Jack saw Barbossa in his head again, laughing at him, and crumpled to his knees. In a last angry, defeated display he slammed his hand against the tree trunk and damaged himself severely. He cupped his bruised fingers to his chest and gave the tree a stern look.

It was then that he saw the knife mark, partially healed, near the base of the trunk.

Jack fell forward, grabbed the tree as he went past, wrapped himself around the trunk, and kissed it. Then, in the fading light, he pulled himself upright one last time. He turned perpendicular to the tree, and began a spiral around it, stomping hard at each step. His footsteps churned up a widening circle of sand.

As the sun made its final drop behind the horizon, Jack's heel came down hard on sand which produced a hollow wooden noise. With a shrill yell, he stabbed with both feet at the sand, jumping frenziedly up and down. There was a creak, a crunch, and in total blackness, he plunged downward.

There was the sound of splintering wood, breaking glass, and then a high-pitched, not entirely sane laugh.

One might say I'm caching in!

And then there was a happy, busy silence.

******

The sun peeked over the horizon the following morning, its questing rays illuminating a dark pit in the sand. Idiot humming was coming out of the pit. Occasionally words, mostly along the lines of "la la la rum", would sprinkle themselves in around the edges.

The sun shone also on a sleek little nondescript ship, berthed inconspicuously offshore. As the heavens grew lighter a tiny rowboat was revealed, heading with great purpose toward the shore.

The little boat reached the shore. Two furtive figures rose, lifted a trunk from its recesses, and trotted off along the beach. The trunk clinked merrily, suggesting a certain alcoholic note to its contents.

The healthy ting! of rattling rum bottles woke Jack from a sound and drunken sleep. He clambered out of a pile of empty bottles. His head popped up out of the rum runners' pit as though on a spring. It wobbled slowly. He held it in his hands to stop it moving.

He took note, once the horizon stopped swaying, of the ship, the rowboat, and the two figures.
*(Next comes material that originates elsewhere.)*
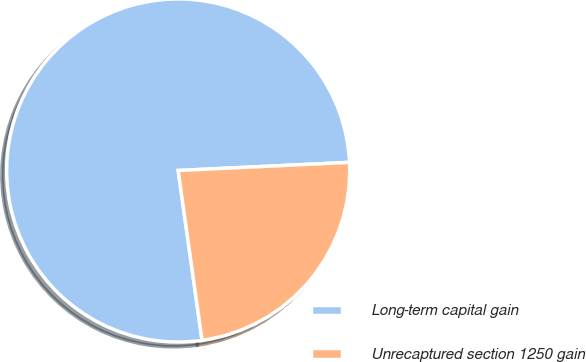Convert chart to OTSL. <chart><loc_0><loc_0><loc_500><loc_500><pie_chart><fcel>Long-term capital gain<fcel>Unrecaptured section 1250 gain<nl><fcel>76.47%<fcel>23.53%<nl></chart> 
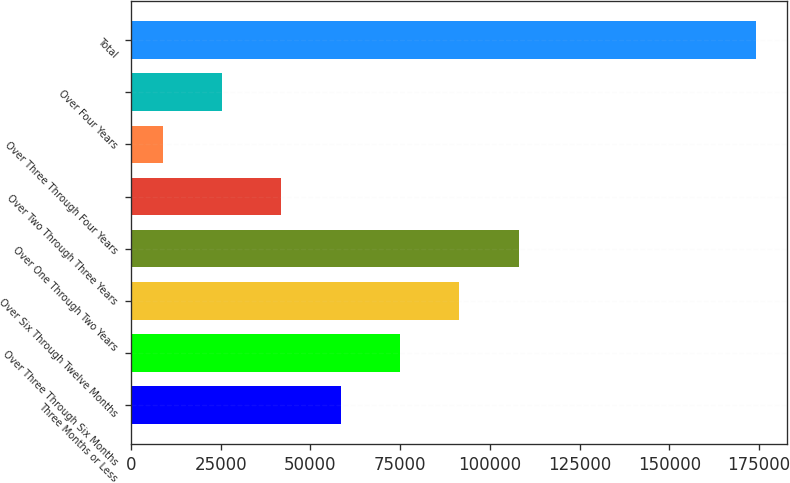<chart> <loc_0><loc_0><loc_500><loc_500><bar_chart><fcel>Three Months or Less<fcel>Over Three Through Six Months<fcel>Over Six Through Twelve Months<fcel>Over One Through Two Years<fcel>Over Two Through Three Years<fcel>Over Three Through Four Years<fcel>Over Four Years<fcel>Total<nl><fcel>58437<fcel>74965<fcel>91493<fcel>108021<fcel>41909<fcel>8853<fcel>25381<fcel>174133<nl></chart> 
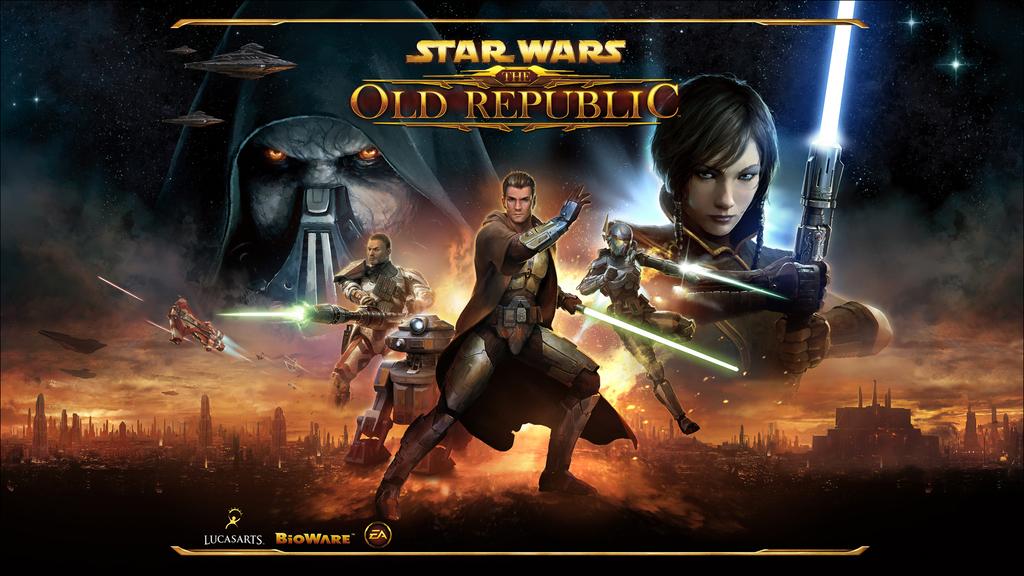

His vision did a special zooming-in on the alcohol-filled chest the rum runners had come to cache. His brain, which was blurring in and out of focus, had to remind him about the ship, several times.

Captain Jack Sparrow clambered ecstatically out of the rum runners' cache, to the great consternation of the rum runners in question. Arms waving, Jack ran unsteadily down to the beach, the rowboat, and freedom, returning only briefly to retrieve his pants, and the one, count it, one pistol.

And the rest, as they say, is history.